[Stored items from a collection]
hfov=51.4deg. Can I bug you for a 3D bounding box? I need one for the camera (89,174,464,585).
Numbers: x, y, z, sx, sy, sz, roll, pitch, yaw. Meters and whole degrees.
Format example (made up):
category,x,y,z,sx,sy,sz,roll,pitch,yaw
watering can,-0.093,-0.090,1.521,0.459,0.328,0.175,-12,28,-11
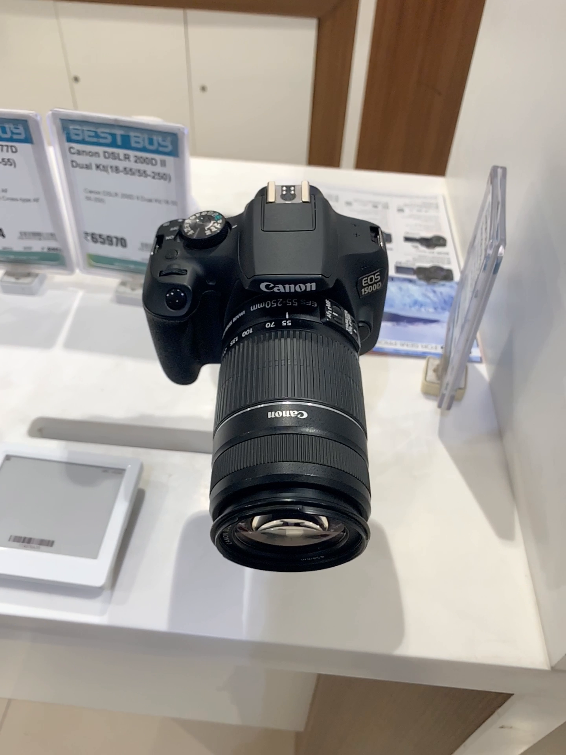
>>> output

Task. Every line from the one that holds "category,x,y,z,sx,sy,sz,roll,pitch,yaw" to the last line of the records above goes into the answer, exactly as written; nothing else does, and no picture does either.

Answer to this problem.
category,x,y,z,sx,sy,sz,roll,pitch,yaw
watering can,-0.093,-0.090,1.521,0.459,0.328,0.175,-12,28,-11
>>> output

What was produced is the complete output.